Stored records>
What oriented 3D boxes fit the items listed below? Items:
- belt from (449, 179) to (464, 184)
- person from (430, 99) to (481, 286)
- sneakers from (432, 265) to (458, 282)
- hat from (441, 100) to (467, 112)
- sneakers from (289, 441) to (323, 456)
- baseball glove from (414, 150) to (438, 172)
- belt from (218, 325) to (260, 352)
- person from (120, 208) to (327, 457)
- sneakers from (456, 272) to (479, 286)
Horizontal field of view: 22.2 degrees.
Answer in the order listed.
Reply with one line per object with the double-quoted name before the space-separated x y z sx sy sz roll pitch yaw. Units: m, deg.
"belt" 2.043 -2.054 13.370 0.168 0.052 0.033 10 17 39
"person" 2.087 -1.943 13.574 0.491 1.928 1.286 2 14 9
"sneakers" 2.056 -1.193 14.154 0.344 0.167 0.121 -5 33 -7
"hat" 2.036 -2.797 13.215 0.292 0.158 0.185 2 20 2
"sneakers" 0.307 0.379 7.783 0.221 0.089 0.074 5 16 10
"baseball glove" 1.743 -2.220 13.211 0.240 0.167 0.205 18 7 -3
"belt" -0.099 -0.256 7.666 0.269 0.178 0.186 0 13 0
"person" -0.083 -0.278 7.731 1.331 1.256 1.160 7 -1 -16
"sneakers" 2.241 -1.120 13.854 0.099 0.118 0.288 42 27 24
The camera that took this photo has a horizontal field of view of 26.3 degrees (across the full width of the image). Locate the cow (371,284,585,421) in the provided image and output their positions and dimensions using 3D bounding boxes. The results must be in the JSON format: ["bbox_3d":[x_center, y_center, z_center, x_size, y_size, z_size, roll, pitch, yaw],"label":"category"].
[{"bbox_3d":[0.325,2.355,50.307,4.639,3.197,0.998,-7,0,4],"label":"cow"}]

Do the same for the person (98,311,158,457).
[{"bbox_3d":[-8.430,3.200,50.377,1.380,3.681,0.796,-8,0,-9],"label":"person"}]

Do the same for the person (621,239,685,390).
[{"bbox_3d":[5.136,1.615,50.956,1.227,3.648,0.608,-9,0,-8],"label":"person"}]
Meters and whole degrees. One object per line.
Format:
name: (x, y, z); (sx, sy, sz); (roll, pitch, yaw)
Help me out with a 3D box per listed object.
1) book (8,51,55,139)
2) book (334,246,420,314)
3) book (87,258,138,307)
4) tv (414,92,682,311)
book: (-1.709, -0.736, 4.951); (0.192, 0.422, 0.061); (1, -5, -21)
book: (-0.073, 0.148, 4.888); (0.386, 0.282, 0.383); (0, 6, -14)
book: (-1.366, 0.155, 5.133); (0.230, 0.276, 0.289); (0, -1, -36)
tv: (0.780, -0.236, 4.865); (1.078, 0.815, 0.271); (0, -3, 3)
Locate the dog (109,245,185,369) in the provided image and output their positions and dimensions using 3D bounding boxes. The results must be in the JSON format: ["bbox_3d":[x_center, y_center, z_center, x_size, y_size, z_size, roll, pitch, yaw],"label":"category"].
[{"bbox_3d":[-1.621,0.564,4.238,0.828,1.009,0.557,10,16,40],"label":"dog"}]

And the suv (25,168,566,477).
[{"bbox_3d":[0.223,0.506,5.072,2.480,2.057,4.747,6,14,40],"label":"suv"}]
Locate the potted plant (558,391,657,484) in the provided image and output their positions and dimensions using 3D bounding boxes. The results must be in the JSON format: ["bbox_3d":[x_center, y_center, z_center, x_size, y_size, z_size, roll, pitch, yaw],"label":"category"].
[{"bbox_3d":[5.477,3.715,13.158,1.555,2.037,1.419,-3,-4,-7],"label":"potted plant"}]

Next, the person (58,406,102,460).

What is being asked> Keep the wording exact. Give all of the records again.

Response to the task>
What oriented 3D boxes fit the items listed below? Items:
- belt from (449, 179) to (464, 184)
- person from (430, 99) to (481, 286)
- sneakers from (432, 265) to (458, 282)
- hat from (441, 100) to (467, 112)
- sneakers from (289, 441) to (323, 456)
- baseball glove from (414, 150) to (438, 172)
- belt from (218, 325) to (260, 352)
- person from (120, 208) to (327, 457)
- sneakers from (456, 272) to (479, 286)
Horizontal field of view: 22.2 degrees.
Answer in the order listed.
Reply with one line per object with the double-quoted name before the space-separated x y z sx sy sz roll pitch yaw. Units: m, deg.
"belt" 2.043 -2.054 13.370 0.168 0.052 0.033 10 17 39
"person" 2.087 -1.943 13.574 0.491 1.928 1.286 2 14 9
"sneakers" 2.056 -1.193 14.154 0.344 0.167 0.121 -5 33 -7
"hat" 2.036 -2.797 13.215 0.292 0.158 0.185 2 20 2
"sneakers" 0.307 0.379 7.783 0.221 0.089 0.074 5 16 10
"baseball glove" 1.743 -2.220 13.211 0.240 0.167 0.205 18 7 -3
"belt" -0.099 -0.256 7.666 0.269 0.178 0.186 0 13 0
"person" -0.083 -0.278 7.731 1.331 1.256 1.160 7 -1 -16
"sneakers" 2.241 -1.120 13.854 0.099 0.118 0.288 42 27 24
The camera that took this photo has a horizontal field of view of 26.3 degrees (across the full width of the image). Locate the cow (371,284,585,421) in the provided image and output their positions and dimensions using 3D bounding boxes. The results must be in the JSON format: ["bbox_3d":[x_center, y_center, z_center, x_size, y_size, z_size, roll, pitch, yaw],"label":"category"].
[{"bbox_3d":[0.325,2.355,50.307,4.639,3.197,0.998,-7,0,4],"label":"cow"}]

Do the same for the person (98,311,158,457).
[{"bbox_3d":[-8.430,3.200,50.377,1.380,3.681,0.796,-8,0,-9],"label":"person"}]

Do the same for the person (621,239,685,390).
[{"bbox_3d":[5.136,1.615,50.956,1.227,3.648,0.608,-9,0,-8],"label":"person"}]
Meters and whole degrees. One object per line.
Format:
name: (x, y, z); (sx, sy, sz); (roll, pitch, yaw)
Help me out with a 3D box per listed object.
1) book (8,51,55,139)
2) book (334,246,420,314)
3) book (87,258,138,307)
4) tv (414,92,682,311)
book: (-1.709, -0.736, 4.951); (0.192, 0.422, 0.061); (1, -5, -21)
book: (-0.073, 0.148, 4.888); (0.386, 0.282, 0.383); (0, 6, -14)
book: (-1.366, 0.155, 5.133); (0.230, 0.276, 0.289); (0, -1, -36)
tv: (0.780, -0.236, 4.865); (1.078, 0.815, 0.271); (0, -3, 3)
Locate the dog (109,245,185,369) in the provided image and output their positions and dimensions using 3D bounding boxes. The results must be in the JSON format: ["bbox_3d":[x_center, y_center, z_center, x_size, y_size, z_size, roll, pitch, yaw],"label":"category"].
[{"bbox_3d":[-1.621,0.564,4.238,0.828,1.009,0.557,10,16,40],"label":"dog"}]

And the suv (25,168,566,477).
[{"bbox_3d":[0.223,0.506,5.072,2.480,2.057,4.747,6,14,40],"label":"suv"}]
Locate the potted plant (558,391,657,484) in the provided image and output their positions and dimensions using 3D bounding boxes. The results must be in the JSON format: ["bbox_3d":[x_center, y_center, z_center, x_size, y_size, z_size, roll, pitch, yaw],"label":"category"].
[{"bbox_3d":[5.477,3.715,13.158,1.555,2.037,1.419,-3,-4,-7],"label":"potted plant"}]

Next, the person (58,406,102,460).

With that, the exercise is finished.